A fresh EY study of audit committee disclosures shows audit committees are still making new strides in increasing their voluntary disclosures in annual proxy statements.

In an analysis of disclosures among the Fortune 100, EY zeroed in on 78 companies that have consistently issued proxy statements dating back to 2012 for annual meetings through Aug. 15. The analysis shows audit committees in 2016 made more incremental advances over the year before in their voluntary disclosures about a variety of audit-related matters.

An increased number of audit committees disclosed more about how they oversee and appoint external auditors, how they consider audit quality, even why audit fees may have gone up or down. “As institutional investors demand enhanced transparency and better communications from boards, audit committees at Fortune 100 companies continue to respond by offering greater insights into their oversight work. It’s encouraging that voluntary audit-related disclosures continue to grow,” said Ann Yerger, director in the EY Center for Board Matters, in a statement.

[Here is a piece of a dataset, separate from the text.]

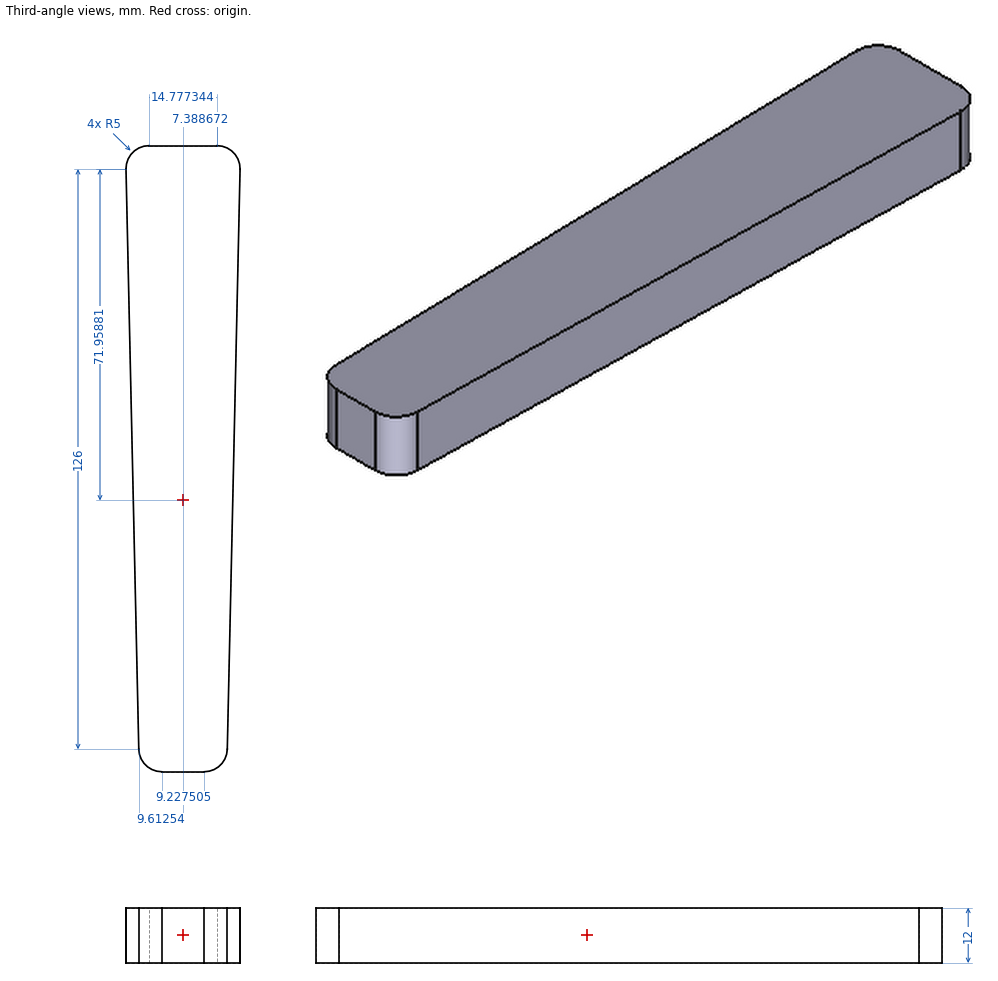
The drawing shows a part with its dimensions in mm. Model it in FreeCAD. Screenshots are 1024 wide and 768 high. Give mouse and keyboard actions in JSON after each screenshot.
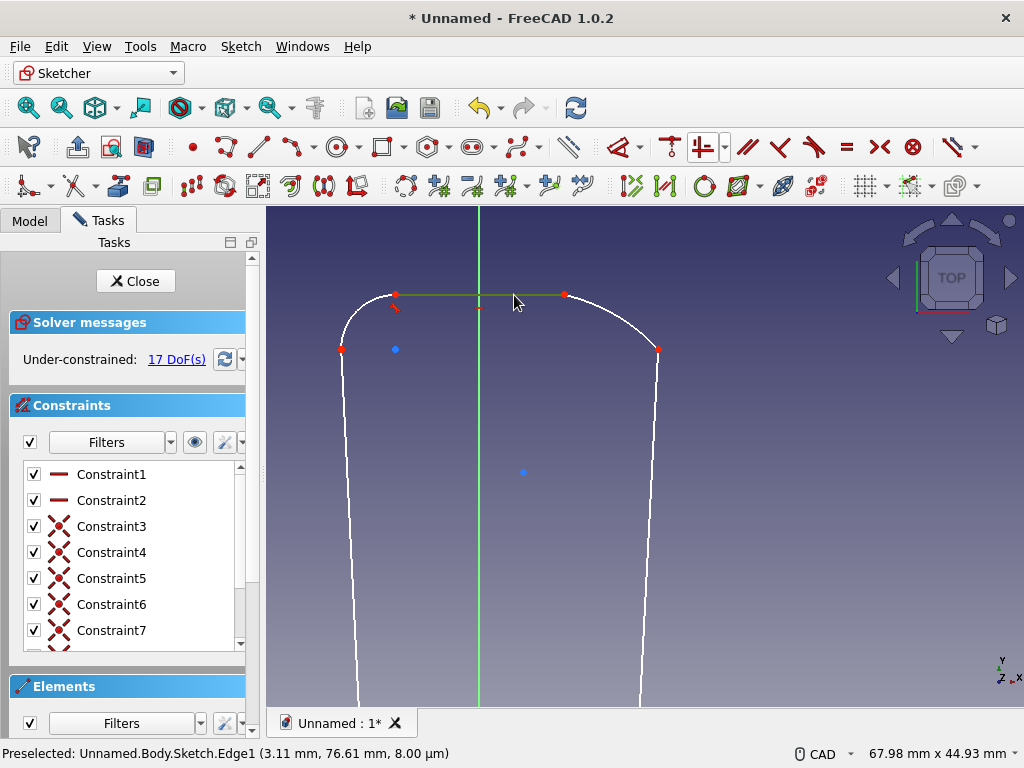
{"action": "left_click", "coordinate": [634, 327]}

While voluntary disclosures are rising, that doesn’t mean those committees that are increasing disclosure are doing so across all audit hot topics. Some areas get much more disclosure than others, according to the data.

For example, a large majority of audit committees in the analysis disclosed that the audit committee considers non-audit fees and services when assessing auditor independence. That began with only 14 percent of audit committees in 2102 and shot up to 79 percent in 2013 and 81 percent in 2016. When it comes to explaining a change in audit fees, however, only 9 percent of audit committees provided such a disclosure in 2012, and that grew to only 21 percent by 2015 and 31 percent in 2016.

Audit committees still aren’t very forthcoming when it comes to describing the topics that audit committees have discussed with auditors either. In fact, the numbers there are low and falling.

In 2012, for example, 8 percent of audit committees addressed this voluntarily, and in 2016, it was only 6 percent of audit committees who took on that topic. If the Public Company Accounting Oversight Board gets its way, auditors will eventually be required to include some disclosure in their audit reports about “critical audit matters” that the auditors addressed in the course of the audit.

Audit committees also aren’t eager to disclose in what year the lead audit partner was appointed to the engagement. Only 3 percent disclosed this in 2012, and it rose to only 13 percent by 2016. Soon, however, audit firms will begin providing some transparency around this questions as they comply with a new PCAOB requirement to provide the names of engagement partners for each public company audit.

The Securities and Exchange Commission has given some thought to how audit committees might be the source of greater transparency on a number of financial reporting areas, but so far, it remains no more than a concept release to stir public discussion.